= Your task =
Every line of the records that holds the word "this" should be copied.

#### Provided material

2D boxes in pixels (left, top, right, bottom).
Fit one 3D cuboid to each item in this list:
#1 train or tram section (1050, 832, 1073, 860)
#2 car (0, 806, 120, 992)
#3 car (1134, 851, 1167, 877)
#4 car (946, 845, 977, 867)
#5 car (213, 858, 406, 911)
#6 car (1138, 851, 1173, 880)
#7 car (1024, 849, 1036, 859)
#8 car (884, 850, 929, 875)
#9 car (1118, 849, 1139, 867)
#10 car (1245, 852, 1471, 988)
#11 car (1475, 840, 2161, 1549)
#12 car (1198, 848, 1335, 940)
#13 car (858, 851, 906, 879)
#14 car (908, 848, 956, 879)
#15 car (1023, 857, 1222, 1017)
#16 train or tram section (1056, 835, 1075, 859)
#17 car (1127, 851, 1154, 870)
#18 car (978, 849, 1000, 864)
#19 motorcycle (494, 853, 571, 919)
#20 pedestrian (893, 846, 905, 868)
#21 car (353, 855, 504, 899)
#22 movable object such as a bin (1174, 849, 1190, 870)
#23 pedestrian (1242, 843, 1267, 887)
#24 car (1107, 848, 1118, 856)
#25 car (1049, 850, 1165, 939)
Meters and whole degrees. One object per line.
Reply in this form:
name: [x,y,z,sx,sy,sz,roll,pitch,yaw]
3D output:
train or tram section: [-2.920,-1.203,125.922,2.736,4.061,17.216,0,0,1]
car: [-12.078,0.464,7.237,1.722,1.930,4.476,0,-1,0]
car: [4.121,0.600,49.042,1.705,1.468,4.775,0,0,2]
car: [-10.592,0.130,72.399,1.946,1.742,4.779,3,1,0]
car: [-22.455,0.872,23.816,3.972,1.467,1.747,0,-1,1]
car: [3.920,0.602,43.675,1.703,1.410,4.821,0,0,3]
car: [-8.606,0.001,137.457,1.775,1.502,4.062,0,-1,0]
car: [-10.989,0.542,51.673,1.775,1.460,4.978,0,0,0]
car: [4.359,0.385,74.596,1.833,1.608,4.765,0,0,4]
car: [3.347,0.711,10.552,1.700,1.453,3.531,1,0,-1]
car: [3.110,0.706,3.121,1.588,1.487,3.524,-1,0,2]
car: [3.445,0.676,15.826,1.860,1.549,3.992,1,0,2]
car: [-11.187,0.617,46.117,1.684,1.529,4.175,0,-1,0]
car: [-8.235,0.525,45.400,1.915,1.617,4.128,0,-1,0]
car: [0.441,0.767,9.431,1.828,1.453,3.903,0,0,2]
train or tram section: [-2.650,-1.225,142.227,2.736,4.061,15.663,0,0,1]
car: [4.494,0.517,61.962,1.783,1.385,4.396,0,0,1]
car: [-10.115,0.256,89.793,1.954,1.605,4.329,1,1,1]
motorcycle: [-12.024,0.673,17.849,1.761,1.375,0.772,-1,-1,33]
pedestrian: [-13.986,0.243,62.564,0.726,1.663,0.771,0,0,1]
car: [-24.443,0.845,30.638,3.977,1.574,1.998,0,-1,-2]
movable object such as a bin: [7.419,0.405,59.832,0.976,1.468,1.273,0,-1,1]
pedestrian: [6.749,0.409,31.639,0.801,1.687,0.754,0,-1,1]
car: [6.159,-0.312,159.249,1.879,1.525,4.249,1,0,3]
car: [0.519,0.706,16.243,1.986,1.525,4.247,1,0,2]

########

= Response to the exercise =
Fit one 3D cuboid to each item in this list:
Reply in this form:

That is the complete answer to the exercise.